Startup’s goal: To the moon by 2020

BOULDER — Golden Spike Co., a Boulder-based aerospace startup, has plans to send a privately funded and built spacecraft to the moon by 2020.

Golden Spike intends to be the first to offer routine exploration expeditions to the surface of the moon, president and chief executive Alan Stern said. Stern lives in Niwot and is an associate vice president at the Southwest Research Institute, which has its department of space studies in Boulder.

More notably, Stern is the former chief of NASA’s space and earth science programs, where he directed a $4.4 billion organization with 93 separate flight missions and a program of more than 3,000 research grants. He also is a consultant to several aerospace companies.

Golden Spike launched on Dec. 6 at a media event at the National Press Club in Washington, D.C.

Golden Spike intends to use existing rockets to provide trips to the moon for nations, individuals and corporations. Using existing rockets and commercial-crew spacecraft being developed by other private companies will allow Golden Spike to send its first mission to the moon for between $7 billion and $8 billion, according to media reports.

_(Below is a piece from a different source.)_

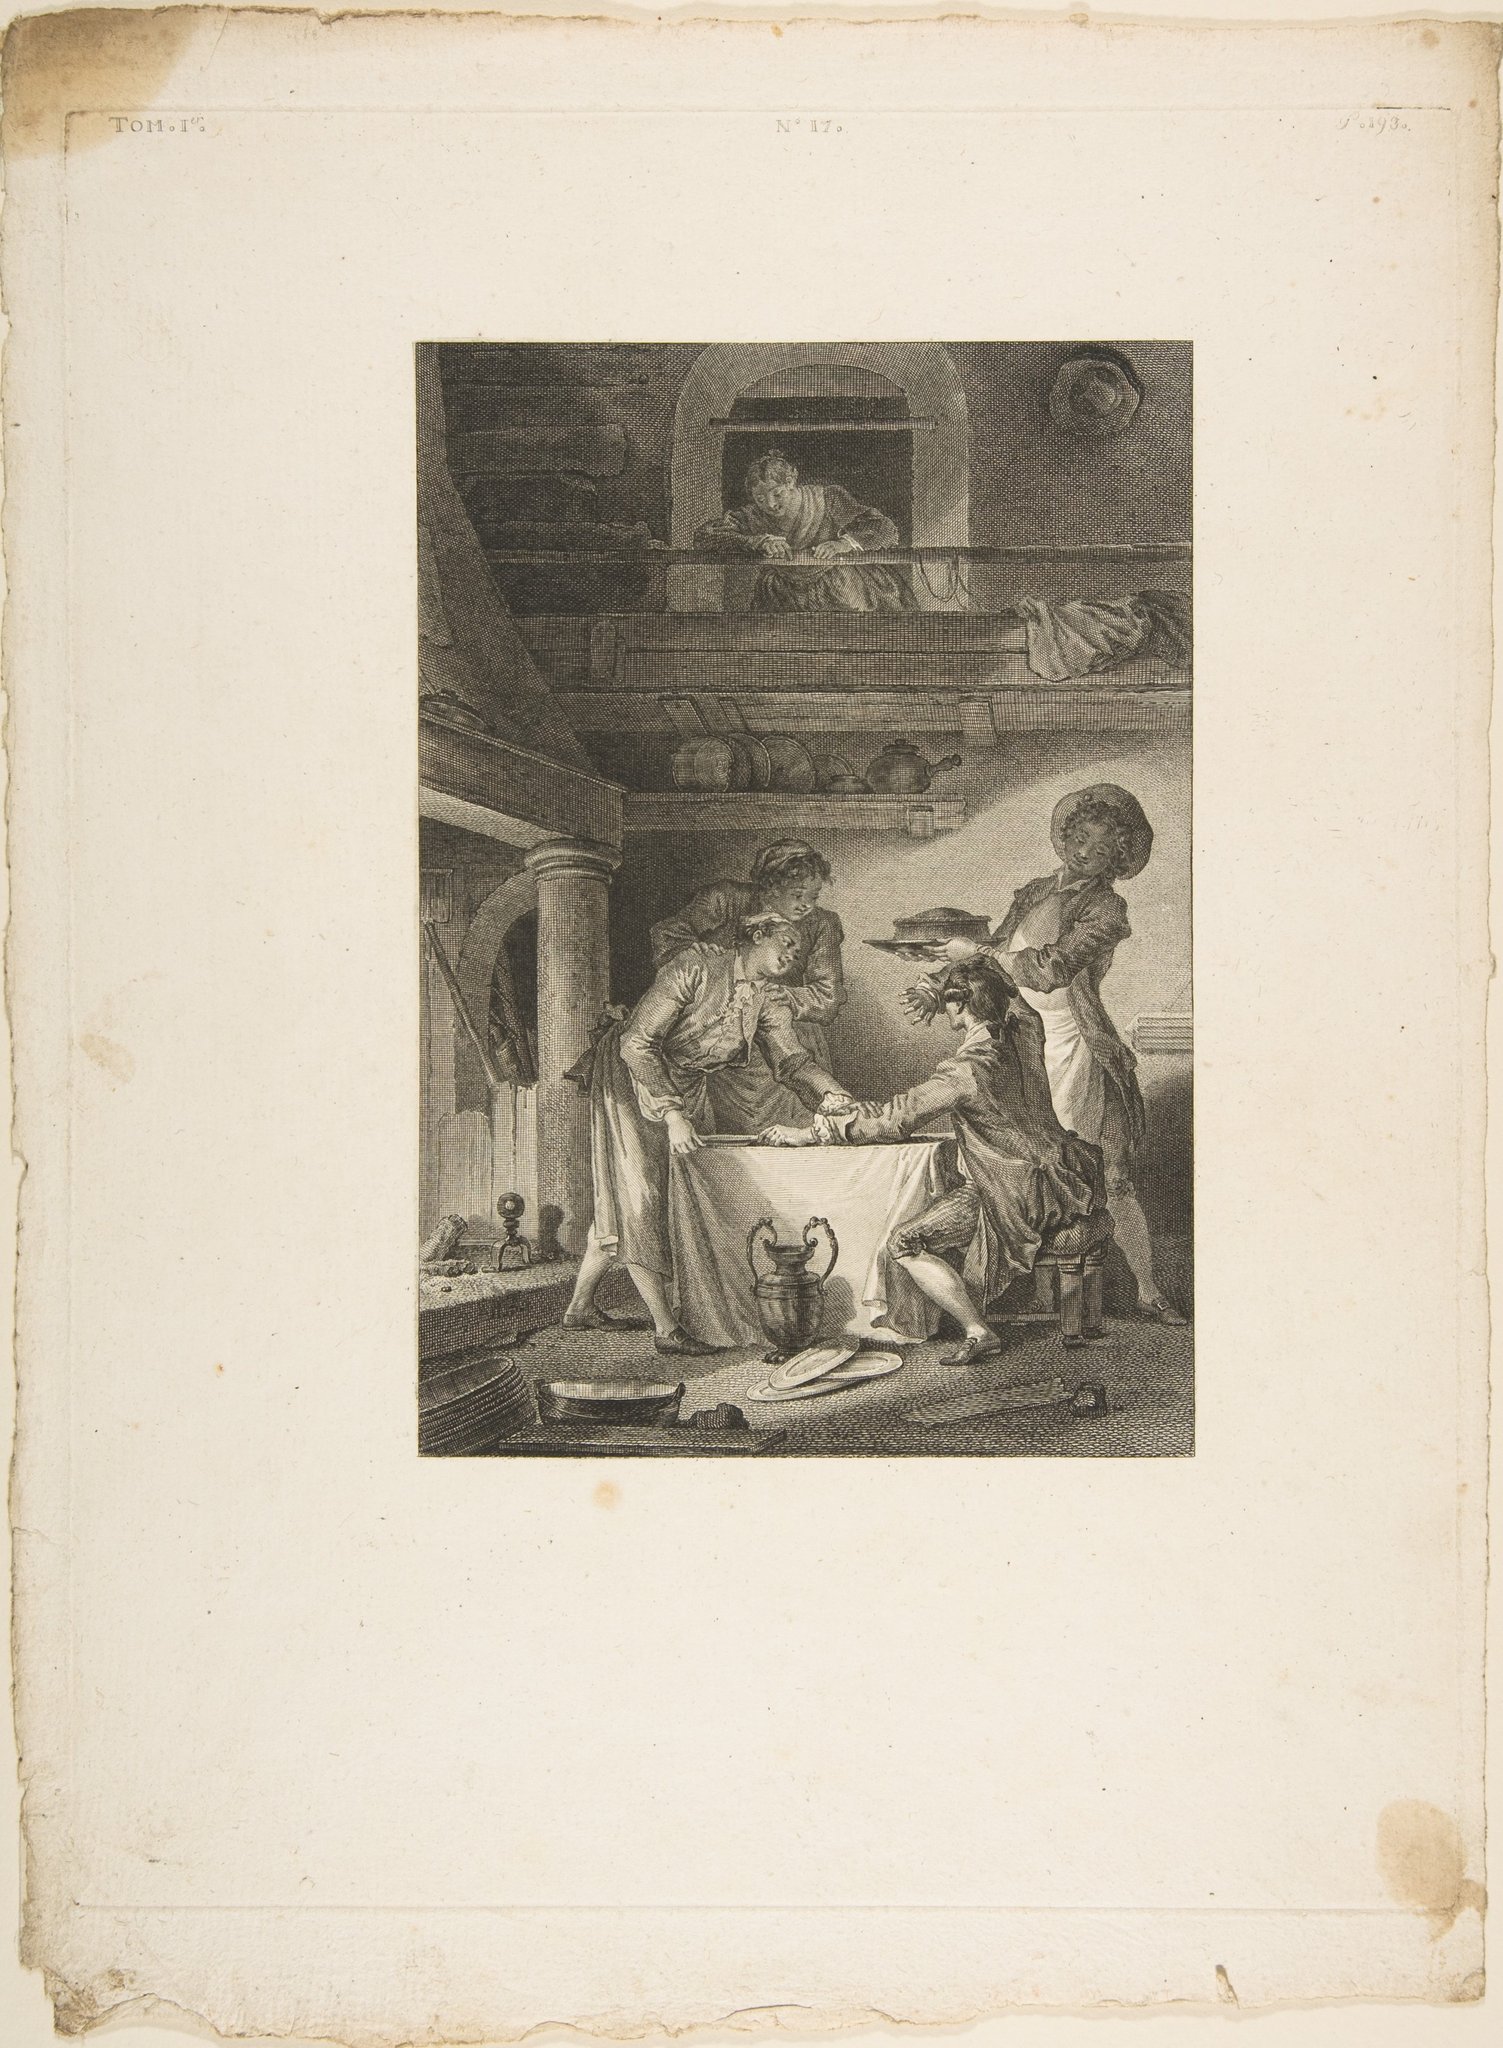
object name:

That also would finance the company’s startup costs and investments.

A press release from Golden Spike said subsequent missions will cost about $1.4 billion. In comparison, the entire Apollo program to send missions to the moon cost about $110 billion.

The company’s forecast believes there is sufficient demand for 20 to 30 lunar missions by 2030. Stern said 15 to 25 nations are interested in missions, and the company expects a $20 billion to $30 billion market for lunar expeditions.

Golden Spike has been in stealth mode for two years before its launch, which sparked 9,720 stories on Google News, Stern said when reached after the press conference.

The past two years have been spent laying the groundwork for the company and designed crucial spacecraft.

“We just put together a business plan and established the technical and financial viability of the company,” Stern said.

Now it is working on a lunar lander and laying the groundwork to start raising money, “and our hands are pretty full with that right now,” Stern said.

During the press conference, Stern declined to answer questions about who the company’s financial backers are and what national space agencies, corporations or individuals it has contacted. He did say naming rights, advertising and merchandising could be revenue sources, according to a report from the website ParabolicArc.com, which covered the press conference.

Later, Stern was adamant that Golden Spike could achieve its goals, possibly as soon as 2019.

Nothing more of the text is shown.